O vento
e suas maneiras
Cyro de
Mattos
A mãe dizia:
- Pra dentro menino! É vem o vento
levado levando cisco!
Quando feria o olho com um cisco, inflamava,
causava aborrecimento.
No verão abafado refrescava. Se fosse
no tempo de veraneio, na cidade vizinha, de praias lindíssimas, tinha o gosto
de sal. Rolava com as ondas, que rugiam como se fossem leões de jubas brancas e
luminosas. Zangado batia, voltava, batia. Reinventava-se na areia como colares
de espuma. Rendilhado murmurejava, cochichava com peixinhos minúsculos no raso.
Ao largo fazia das vagas tirânicos
vagões, incríveis vagalhões, tufão. Quebrava o mastro, afundava a embarcação. Mostrava-se
indiferente aos gritos lancinantes dos náufragos pedindo por socorro. Era
impiedoso, esbagaçava as ondas no rochedo. Tomava altura inimaginável.
Mágico, mais ligeiro do que tudo em
movimento veloz, o único que sem pernas ia até o fim do mundo, chegando primeiro.
Esmurrava o rio na enchente, causando estragos nas casas ribeirinhas e na
avenida principal onde estava instalado um comercinho ativo.
Travesso zuinchava na greta da porta e da
janela. Interrompia o sono das pessoas quando dormiam na cidade pequena, após
mais um dia de trabalho estafante, fazendo barulho nas telhas de alumínio no
telhado.
Salpicado de verdes e azuis rolava no
mar, pra lá, pra cá.

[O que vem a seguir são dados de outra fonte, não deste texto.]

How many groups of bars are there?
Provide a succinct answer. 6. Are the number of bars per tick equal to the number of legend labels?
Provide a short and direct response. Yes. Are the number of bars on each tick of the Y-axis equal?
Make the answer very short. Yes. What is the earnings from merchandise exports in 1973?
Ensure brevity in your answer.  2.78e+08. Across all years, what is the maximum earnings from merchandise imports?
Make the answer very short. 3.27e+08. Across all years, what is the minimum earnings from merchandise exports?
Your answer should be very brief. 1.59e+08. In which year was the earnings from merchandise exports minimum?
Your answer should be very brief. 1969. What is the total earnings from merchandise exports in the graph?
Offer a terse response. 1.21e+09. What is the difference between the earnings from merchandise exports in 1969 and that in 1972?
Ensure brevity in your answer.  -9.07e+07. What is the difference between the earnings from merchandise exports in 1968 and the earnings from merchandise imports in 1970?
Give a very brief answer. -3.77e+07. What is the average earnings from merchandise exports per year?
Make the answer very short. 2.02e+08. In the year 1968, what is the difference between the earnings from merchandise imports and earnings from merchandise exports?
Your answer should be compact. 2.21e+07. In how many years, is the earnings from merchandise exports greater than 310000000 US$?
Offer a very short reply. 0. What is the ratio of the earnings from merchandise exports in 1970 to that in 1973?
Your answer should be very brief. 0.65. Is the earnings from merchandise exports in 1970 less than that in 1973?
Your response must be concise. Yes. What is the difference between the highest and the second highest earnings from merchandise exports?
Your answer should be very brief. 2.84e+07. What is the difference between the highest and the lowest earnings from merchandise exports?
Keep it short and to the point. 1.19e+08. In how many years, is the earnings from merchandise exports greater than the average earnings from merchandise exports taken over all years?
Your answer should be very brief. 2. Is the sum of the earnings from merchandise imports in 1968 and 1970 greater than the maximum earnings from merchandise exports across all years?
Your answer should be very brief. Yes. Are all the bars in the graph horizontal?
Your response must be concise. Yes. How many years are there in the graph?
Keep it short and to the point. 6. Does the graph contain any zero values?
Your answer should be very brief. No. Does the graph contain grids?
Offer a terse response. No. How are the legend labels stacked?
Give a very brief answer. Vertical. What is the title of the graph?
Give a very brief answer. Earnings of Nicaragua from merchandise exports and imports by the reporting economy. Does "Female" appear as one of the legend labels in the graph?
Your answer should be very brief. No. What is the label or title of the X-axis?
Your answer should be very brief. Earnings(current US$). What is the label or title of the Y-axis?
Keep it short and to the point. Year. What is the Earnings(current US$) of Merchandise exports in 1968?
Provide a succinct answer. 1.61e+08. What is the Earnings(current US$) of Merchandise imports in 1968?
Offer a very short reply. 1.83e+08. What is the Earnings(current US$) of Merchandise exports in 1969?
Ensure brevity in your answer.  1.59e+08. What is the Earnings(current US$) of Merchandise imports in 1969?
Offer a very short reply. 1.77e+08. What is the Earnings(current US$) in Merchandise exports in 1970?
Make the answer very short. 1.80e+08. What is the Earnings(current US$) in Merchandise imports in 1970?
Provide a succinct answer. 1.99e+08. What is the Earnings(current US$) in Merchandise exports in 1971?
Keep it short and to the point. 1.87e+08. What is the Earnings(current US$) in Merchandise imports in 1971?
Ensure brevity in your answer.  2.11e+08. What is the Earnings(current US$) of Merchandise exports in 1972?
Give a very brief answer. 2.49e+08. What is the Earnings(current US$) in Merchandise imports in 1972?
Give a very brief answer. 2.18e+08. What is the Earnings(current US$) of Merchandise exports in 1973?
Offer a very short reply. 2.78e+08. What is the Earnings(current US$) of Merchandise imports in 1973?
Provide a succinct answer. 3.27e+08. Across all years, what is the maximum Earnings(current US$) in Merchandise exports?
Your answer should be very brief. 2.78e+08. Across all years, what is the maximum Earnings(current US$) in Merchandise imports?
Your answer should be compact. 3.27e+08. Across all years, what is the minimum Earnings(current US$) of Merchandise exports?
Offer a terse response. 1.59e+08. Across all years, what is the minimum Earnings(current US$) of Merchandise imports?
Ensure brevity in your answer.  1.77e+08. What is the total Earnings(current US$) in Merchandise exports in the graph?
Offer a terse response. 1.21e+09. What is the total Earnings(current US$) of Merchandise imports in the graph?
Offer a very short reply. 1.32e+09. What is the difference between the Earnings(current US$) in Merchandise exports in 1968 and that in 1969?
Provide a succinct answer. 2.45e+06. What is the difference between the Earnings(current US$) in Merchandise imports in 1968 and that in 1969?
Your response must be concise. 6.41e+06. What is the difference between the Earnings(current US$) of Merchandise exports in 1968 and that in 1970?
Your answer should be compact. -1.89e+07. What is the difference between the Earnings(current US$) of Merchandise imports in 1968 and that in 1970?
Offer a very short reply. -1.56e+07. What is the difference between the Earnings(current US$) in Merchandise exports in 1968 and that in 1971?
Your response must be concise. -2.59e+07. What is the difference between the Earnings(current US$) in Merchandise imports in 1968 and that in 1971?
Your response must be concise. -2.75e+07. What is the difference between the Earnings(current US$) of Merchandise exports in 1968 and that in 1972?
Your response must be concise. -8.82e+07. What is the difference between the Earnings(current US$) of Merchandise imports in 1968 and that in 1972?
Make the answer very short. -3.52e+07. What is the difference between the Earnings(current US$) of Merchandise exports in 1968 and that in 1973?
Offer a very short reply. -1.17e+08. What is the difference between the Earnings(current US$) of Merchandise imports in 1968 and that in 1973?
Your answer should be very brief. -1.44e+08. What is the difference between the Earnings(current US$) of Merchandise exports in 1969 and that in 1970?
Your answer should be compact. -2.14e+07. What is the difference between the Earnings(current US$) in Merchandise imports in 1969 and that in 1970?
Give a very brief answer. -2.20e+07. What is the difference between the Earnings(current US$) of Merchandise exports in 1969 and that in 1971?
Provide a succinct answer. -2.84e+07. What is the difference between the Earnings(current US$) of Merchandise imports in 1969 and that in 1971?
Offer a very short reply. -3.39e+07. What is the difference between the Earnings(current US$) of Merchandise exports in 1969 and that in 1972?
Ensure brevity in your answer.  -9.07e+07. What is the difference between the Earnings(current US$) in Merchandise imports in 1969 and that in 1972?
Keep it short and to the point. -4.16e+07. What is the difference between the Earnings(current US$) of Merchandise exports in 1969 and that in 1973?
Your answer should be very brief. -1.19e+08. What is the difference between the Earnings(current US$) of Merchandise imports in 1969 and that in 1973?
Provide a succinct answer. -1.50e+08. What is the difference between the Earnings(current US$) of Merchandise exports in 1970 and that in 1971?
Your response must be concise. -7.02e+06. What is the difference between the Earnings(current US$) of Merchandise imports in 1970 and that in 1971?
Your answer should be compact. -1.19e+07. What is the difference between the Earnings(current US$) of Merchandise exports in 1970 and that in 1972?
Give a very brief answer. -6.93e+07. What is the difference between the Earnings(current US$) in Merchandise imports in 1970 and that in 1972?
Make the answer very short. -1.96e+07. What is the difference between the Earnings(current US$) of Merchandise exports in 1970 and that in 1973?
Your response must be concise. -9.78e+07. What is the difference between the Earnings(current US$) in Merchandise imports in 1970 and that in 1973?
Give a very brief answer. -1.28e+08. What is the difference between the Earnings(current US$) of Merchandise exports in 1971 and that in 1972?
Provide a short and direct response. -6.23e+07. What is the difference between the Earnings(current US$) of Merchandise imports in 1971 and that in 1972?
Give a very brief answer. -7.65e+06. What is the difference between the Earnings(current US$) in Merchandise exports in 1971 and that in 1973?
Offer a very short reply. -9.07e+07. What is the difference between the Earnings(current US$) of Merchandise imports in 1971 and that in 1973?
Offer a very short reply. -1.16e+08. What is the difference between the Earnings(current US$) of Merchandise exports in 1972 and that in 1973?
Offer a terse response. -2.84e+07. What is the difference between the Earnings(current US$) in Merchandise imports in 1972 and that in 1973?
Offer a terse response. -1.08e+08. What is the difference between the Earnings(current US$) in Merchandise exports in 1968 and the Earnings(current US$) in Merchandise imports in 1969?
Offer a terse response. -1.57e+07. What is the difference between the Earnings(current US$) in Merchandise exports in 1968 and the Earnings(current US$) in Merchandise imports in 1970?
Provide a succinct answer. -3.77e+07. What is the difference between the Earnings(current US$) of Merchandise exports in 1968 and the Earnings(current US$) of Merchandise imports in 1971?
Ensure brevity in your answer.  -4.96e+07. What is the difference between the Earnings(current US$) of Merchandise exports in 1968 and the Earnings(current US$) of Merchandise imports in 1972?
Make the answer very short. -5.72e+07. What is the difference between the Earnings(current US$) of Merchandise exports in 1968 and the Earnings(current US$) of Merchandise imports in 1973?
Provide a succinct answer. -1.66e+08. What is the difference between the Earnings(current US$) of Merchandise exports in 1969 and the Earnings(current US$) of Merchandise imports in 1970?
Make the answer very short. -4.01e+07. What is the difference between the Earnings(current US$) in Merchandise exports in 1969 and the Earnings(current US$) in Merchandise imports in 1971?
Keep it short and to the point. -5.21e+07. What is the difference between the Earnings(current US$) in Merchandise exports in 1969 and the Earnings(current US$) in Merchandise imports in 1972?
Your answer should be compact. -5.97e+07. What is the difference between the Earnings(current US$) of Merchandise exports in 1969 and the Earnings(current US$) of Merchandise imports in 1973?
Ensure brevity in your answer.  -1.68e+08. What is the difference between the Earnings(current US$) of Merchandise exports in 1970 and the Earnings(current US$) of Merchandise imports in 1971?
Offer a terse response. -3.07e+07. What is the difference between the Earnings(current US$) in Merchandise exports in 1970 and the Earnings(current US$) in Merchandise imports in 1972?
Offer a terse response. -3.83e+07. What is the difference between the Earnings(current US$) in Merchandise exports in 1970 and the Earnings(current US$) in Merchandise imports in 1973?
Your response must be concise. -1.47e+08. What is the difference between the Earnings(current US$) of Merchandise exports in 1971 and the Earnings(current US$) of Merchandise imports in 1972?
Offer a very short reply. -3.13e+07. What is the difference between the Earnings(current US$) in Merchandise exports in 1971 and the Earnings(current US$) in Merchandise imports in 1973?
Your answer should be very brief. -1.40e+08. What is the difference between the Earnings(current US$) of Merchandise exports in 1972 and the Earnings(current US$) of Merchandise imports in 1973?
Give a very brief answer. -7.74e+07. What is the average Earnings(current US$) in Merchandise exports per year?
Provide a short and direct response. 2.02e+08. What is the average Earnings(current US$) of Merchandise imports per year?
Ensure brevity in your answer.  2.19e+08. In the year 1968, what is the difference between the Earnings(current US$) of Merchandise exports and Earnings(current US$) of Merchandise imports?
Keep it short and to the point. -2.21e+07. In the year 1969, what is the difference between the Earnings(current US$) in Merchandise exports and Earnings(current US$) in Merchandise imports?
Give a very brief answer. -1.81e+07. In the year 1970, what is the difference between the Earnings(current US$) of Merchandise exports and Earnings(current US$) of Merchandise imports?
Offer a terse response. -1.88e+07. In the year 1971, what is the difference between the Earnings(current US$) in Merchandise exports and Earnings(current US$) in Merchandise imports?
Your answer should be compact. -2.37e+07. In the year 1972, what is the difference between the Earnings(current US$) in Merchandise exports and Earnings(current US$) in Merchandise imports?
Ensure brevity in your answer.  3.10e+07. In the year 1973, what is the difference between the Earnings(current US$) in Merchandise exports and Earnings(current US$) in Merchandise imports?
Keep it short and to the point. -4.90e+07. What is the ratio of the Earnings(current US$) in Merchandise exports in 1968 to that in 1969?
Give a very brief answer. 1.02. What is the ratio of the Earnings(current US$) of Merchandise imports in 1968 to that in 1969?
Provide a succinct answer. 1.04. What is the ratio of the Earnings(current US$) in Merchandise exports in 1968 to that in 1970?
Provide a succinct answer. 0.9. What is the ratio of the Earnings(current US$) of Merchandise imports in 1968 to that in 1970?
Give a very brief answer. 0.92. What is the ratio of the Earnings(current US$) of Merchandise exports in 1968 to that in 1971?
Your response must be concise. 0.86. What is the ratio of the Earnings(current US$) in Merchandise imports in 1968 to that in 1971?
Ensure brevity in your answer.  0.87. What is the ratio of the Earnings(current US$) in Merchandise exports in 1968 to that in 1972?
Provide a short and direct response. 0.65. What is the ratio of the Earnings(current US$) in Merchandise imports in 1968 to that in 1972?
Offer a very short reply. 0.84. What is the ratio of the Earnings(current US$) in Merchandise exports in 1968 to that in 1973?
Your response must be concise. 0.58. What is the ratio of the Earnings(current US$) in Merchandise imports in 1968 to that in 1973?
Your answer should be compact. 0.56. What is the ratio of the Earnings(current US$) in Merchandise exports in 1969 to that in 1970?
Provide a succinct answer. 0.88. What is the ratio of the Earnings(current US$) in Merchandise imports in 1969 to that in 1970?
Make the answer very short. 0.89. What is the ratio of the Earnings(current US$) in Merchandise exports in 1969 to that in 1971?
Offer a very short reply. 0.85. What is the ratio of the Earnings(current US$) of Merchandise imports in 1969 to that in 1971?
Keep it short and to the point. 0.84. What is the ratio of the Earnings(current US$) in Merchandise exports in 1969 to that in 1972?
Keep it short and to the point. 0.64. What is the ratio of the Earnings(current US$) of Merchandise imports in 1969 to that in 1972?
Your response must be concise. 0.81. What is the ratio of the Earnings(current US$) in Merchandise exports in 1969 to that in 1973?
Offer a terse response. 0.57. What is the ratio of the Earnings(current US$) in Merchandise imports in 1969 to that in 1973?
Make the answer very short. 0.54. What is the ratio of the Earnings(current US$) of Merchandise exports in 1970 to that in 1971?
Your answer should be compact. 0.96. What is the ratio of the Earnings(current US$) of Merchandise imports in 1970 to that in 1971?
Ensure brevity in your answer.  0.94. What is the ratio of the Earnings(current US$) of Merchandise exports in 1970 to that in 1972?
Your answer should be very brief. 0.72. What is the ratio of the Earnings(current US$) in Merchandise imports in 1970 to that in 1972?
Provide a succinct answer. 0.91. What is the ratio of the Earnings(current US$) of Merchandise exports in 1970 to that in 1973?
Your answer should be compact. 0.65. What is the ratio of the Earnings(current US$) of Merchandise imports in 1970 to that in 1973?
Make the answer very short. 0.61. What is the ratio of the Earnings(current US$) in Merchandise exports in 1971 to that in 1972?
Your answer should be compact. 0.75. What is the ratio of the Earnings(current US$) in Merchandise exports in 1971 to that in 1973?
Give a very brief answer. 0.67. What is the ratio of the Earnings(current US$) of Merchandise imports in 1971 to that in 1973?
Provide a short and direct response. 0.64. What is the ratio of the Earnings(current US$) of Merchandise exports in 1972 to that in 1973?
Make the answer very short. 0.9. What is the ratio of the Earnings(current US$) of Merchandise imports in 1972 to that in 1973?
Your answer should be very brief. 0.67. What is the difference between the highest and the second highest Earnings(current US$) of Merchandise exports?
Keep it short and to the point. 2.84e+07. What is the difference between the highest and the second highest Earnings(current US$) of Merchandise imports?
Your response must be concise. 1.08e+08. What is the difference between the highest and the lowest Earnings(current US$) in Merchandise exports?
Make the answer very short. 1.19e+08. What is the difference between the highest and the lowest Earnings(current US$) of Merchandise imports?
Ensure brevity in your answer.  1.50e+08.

Dava uma sensação agradável quando soprava no campo com o
gosto de terra molhada. Morno, gostava de fazer carícia no rosto da árvore
frutífera, folhas como cílios pestanejavam.
Tocava uma música suave nas folhas da
palmeira, farfalhava no quintal durante a primavera cheia de passarinhos
saltitantes, voos e gorjeios.
. No inverno esvoaçava toalhas de névoa
pelas ruas vazias da cidade, penetrada de frieza, os ares gelatinosos, tendo
aspecto fantasmal. Em trêmulos movimentos, seus espectros de névoa vagavam por
todos os cantos.
Vento, ventania, vendaval. Levava tudo
que encontrava pela frente. Derrubava árvore, poste, ponte. Mudava a casa de um
lugar para outro. Emborcava o caminhão, rompia a ponte, fazia rachaduras nas
paredes do prédio. A lona do circo
fora jogada longe, o sobrado desmoronou-se, ficou reduzido a escombros, não
perdoou nem o nome do dono, Comendador Ataulfo Seabra, em grandes letras de
bronze gravadas na fachada. Botou abaixo o muro que cercava o estádio de
futebol, as torres de iluminação do campo ficaram aos pedaços.
Quando era leve, chegava de mansinho para soprar
na florzinha da plantinha sozinha no brejo. Afagava, recebia de volta
fragrâncias, retornava ao seu rumo incerto,
ninguém sabe onde começa nem termina.
Assoviava no canavial, açoitava,
chicoteava as folhas da cana, que se agachavam e subiam, ondulavam como num mar
verdejante, agitado na terra preta do engenho.
No velório amolava sua lâmina com os mudos
gemidos da mulher, inconformada com a perda irreparável do marido. Dava frio na
barriga dos que estavam presentes na vigília do velório. A expressão do rosto coberto
de sombra e tristeza. Os olhos assombrados no ambiente quieto, sem compreender
o que estava acontecendo, atemorizados com a presença daquele vento, frio, sem
cor, pousado no morto. Transtornava, incompreensível, desconcertava.
Era este o vento que metia mais medo,
imóvel, surdo, cego, mudo, habitava severo no funeral das horas.